Recasting the former laboratory as a student resource building and vibrant communications hub required a multi-faceted approach. At the entrance, LLB Architects removed the bifurcated exterior brick stairs and shifted the entrance from the second floor to the first floor, cleared out many of the exterior masonry and concrete walls to allow light and views to enter the lower entry level, and removed the inelegant diagonal between the two towers. In its place, we extended the glass curtain wall up to form a “beacon-like” tower. This allows building inhabitants to visually connect with the campus around them. The campus community can in turn visually and physically connect with the new communications hub.
The 66,000 sf program for the J. Walter Wilson adaptive reuse project included relocating and consolidating eleven different administrative and student service departments from buildings scattered around campus to enable other capital projects to move forward; relocating campus mail services, with the associated service deliveries, volume of traffic, and security considerations; providing eight to twelve registrar classrooms; and coordinating with campus chiller project planned to occupy the top floor. A new entrance and legible circulation were not required parts of the program, but seemed essential to a successful solution.

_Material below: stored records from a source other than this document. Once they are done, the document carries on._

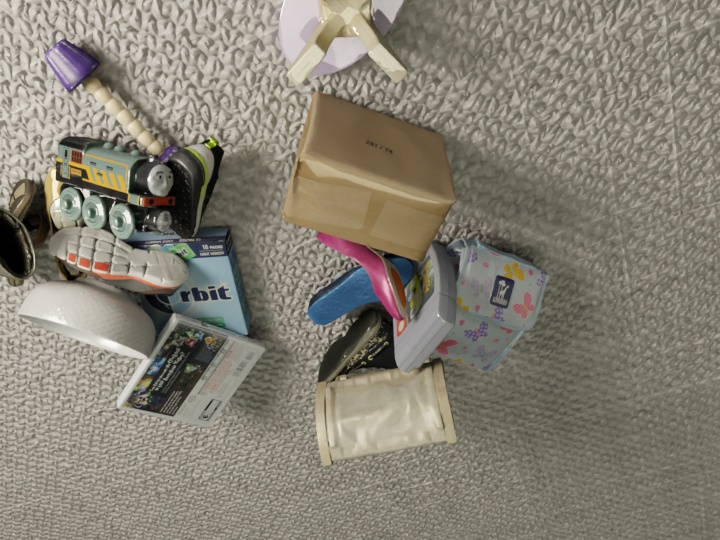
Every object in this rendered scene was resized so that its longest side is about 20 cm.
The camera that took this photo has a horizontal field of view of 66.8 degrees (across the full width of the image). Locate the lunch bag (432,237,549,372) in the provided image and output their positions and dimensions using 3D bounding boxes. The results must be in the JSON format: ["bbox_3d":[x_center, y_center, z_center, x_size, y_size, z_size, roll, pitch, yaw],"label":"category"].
[{"bbox_3d":[0.190,0.054,0.902,0.168,0.128,0.201,20,121,-21],"label":"lunch bag"}]

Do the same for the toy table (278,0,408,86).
[{"bbox_3d":[-0.019,-0.303,0.639,0.183,0.118,0.201,26,121,-19],"label":"toy table"}]

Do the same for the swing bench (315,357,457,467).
[{"bbox_3d":[0.044,0.216,0.869,0.197,0.131,0.200,-12,167,7],"label":"swing bench"}]

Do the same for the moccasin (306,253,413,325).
[{"bbox_3d":[-0.007,0.016,0.910,0.198,0.068,0.081,-24,116,15],"label":"moccasin"}]

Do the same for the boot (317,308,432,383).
[{"bbox_3d":[0.025,0.172,1.022,0.153,0.074,0.204,26,124,-22],"label":"boot"}]

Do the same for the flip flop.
[{"bbox_3d":[-0.516,-0.056,0.849,0.057,0.081,0.201,4,129,-32],"label":"flip flop"}]

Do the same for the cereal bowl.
[{"bbox_3d":[-0.414,0.067,0.854,0.198,0.084,0.200,14,161,5],"label":"cereal bowl"}]

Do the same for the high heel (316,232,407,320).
[{"bbox_3d":[0.000,0.000,0.825,0.095,0.202,0.067,-29,157,14],"label":"high heel"}]

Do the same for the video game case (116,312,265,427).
[{"bbox_3d":[-0.293,0.181,0.956,0.181,0.023,0.201,26,107,-38],"label":"video game case"}]

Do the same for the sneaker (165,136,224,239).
[{"bbox_3d":[-0.239,-0.118,0.802,0.072,0.083,0.200,43,144,-2],"label":"sneaker"}]

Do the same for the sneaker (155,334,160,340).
[{"bbox_3d":[-0.329,0.176,1.008,0.070,0.081,0.201,-13,133,11],"label":"sneaker"}]

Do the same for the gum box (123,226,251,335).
[{"bbox_3d":[-0.287,0.026,0.925,0.168,0.045,0.202,-3,127,3],"label":"gum box"}]

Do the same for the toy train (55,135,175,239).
[{"bbox_3d":[-0.336,-0.114,0.746,0.198,0.085,0.115,17,106,25],"label":"toy train"}]

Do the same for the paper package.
[{"bbox_3d":[0.011,-0.128,0.722,0.198,0.192,0.104,16,130,-11],"label":"paper package"}]

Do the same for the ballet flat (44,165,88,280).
[{"bbox_3d":[-0.443,-0.063,0.843,0.068,0.063,0.201,-6,132,-24],"label":"ballet flat"}]

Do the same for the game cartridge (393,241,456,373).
[{"bbox_3d":[0.097,0.044,0.846,0.041,0.201,0.133,27,122,-17],"label":"game cartridge"}]

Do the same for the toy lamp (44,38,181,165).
[{"bbox_3d":[-0.327,-0.218,0.737,0.058,0.059,0.200,-32,122,21],"label":"toy lamp"}]

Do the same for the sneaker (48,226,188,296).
[{"bbox_3d":[-0.369,0.001,0.832,0.198,0.078,0.082,20,137,-18],"label":"sneaker"}]

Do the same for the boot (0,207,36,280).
[{"bbox_3d":[-0.541,-0.065,0.766,0.199,0.072,0.183,-2,118,49],"label":"boot"}]
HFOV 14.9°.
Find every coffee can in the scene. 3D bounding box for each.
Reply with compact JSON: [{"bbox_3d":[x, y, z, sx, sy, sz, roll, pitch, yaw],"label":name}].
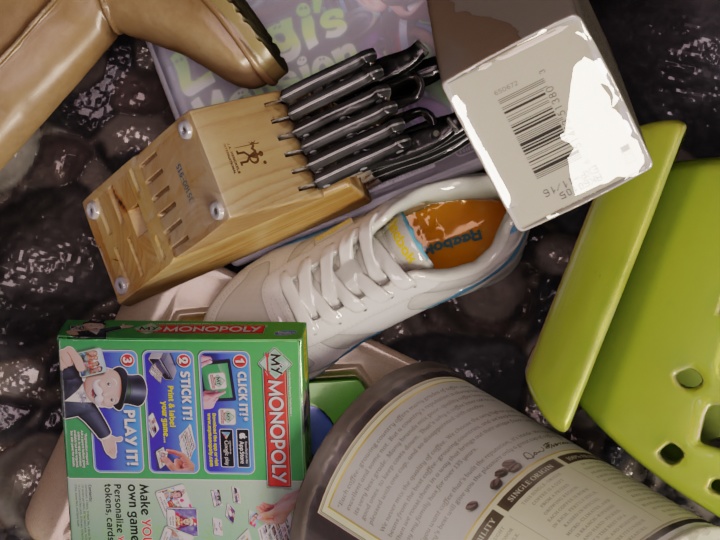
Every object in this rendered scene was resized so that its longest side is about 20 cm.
[{"bbox_3d":[0.082,0.156,1.449,0.199,0.146,0.147,29,91,36],"label":"coffee can"}]

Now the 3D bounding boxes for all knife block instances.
[{"bbox_3d":[-0.035,-0.056,1.509,0.175,0.200,0.064,-14,77,-36],"label":"knife block"}]

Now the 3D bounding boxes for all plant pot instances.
[{"bbox_3d":[0.195,0.027,1.472,0.180,0.199,0.201,22,92,6],"label":"plant pot"}]

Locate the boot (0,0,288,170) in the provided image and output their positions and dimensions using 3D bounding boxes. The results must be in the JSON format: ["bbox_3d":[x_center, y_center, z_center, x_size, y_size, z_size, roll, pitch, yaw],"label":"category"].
[{"bbox_3d":[-0.161,-0.107,1.520,0.200,0.066,0.175,-44,75,7],"label":"boot"}]

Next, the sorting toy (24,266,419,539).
[{"bbox_3d":[-0.067,0.107,1.548,0.199,0.036,0.186,26,91,0],"label":"sorting toy"}]

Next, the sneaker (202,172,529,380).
[{"bbox_3d":[0.000,0.000,1.510,0.199,0.081,0.077,-27,78,-9],"label":"sneaker"}]

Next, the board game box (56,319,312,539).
[{"bbox_3d":[-0.092,0.126,1.504,0.133,0.029,0.202,0,110,5],"label":"board game box"}]

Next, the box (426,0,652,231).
[{"bbox_3d":[0.089,-0.108,1.431,0.077,0.200,0.095,-26,109,9],"label":"box"}]

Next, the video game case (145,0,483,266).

Designed as a purpose-built laboratory building, with rigorous 10-foot structural grid, tilt-up concrete shear walls and labyrinthian circulation, the bunker-like architecture strongly resisted transformation to support its rebirth as a communications hub for the campus. The overriding charge to the team for this project was that, as an “enabling” project to allow other slated capital projects to move forward, the schedule was absolutely fixed. With the construction manager as the architect’s partner as a design/build team, they worked closely to ensure that budget and schedule were met along with the design objectives. Together the team developed detailed phasing to bring portions online, with the occupancy and full functionality of the building complete before classes started in September 2008.